The mutation is non-neutral (HGMD).
The mutation is very distant from all functional sites. SCWRL predicts, that the H-bond pattern changea. SCWRL and FoldX predict a stabilizing effect, while minimise predicts again a destabilizing effect. Again, we are left to guess, whether the mutation is neutral or not.
The mutation is non-neutral (HGMD).
Compared to the sequence-based mutation analysis, we had much more difficulties to discriminate neutral from non-neutral mutations using only structural features of the protein. In most cases we were even left to guess into the blue, because of a lack of reliable information giving clear evidence. The most informative facts for this structure-based mutation analysis were the H-bond patterns predicted by SCWRL and the analysis of the location of the mutation with respect to functional important sites.
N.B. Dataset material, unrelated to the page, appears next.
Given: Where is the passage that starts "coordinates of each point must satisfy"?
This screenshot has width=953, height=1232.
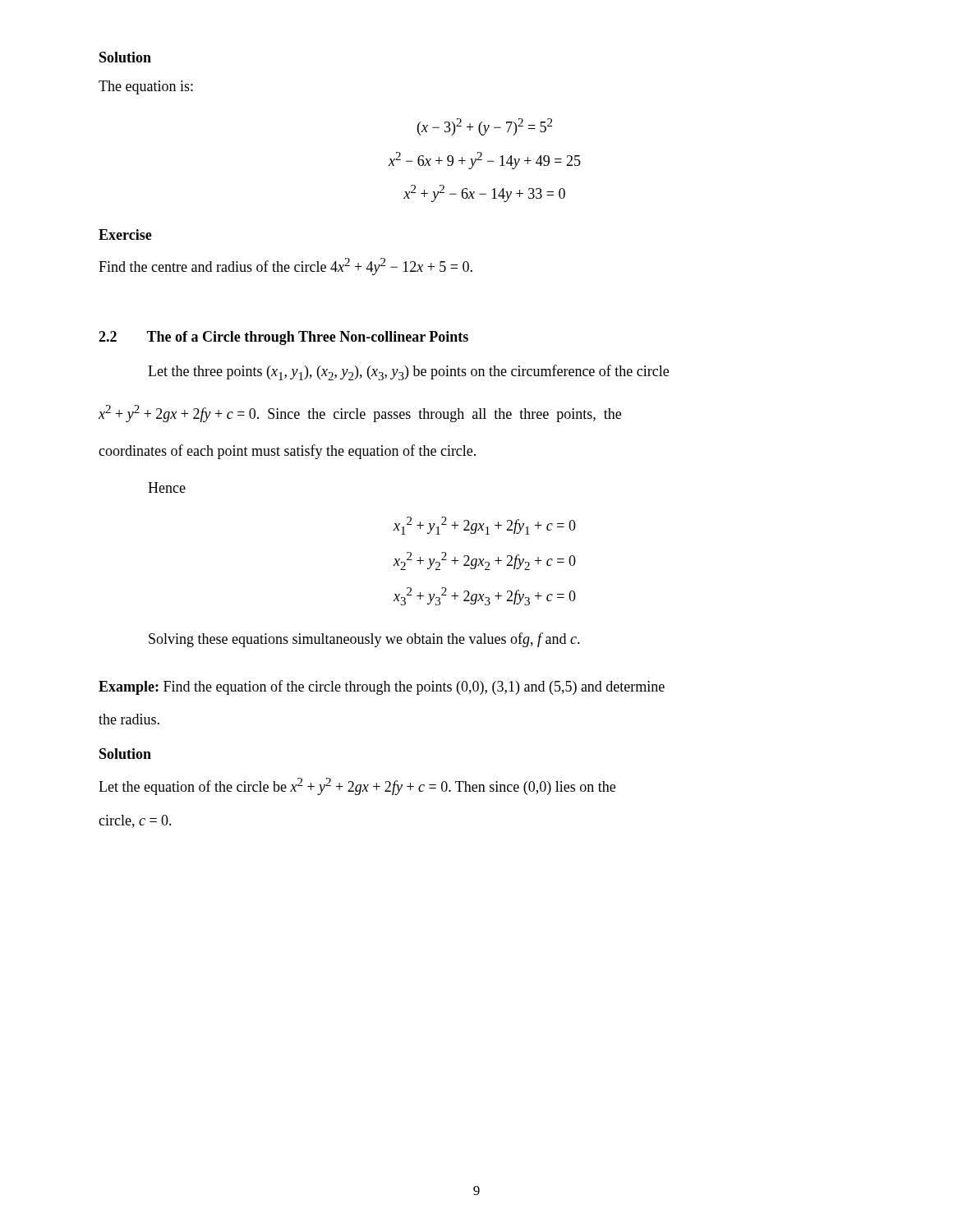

Surprisingly the analysis of the free energies of the mutated proteins compared to the wild type revealed only very slight fold changes and we did not know how to interpret the impact of these on the structure and thus on the function. Moreover, these fold-changes were not consistent in predicting (de-)stabilizing effects across all methods. Whereas minimise predicted destabilising effects, FoldX predicted stabilizing effects for all mutations. This fact made these analyses quite useless for us.
However, some informations of the structure-based analysis are informative and are useful to dissect neutral from non-neutral mutations, if they are combined with additional methods - e.g. from the sequence-based mutation analysis.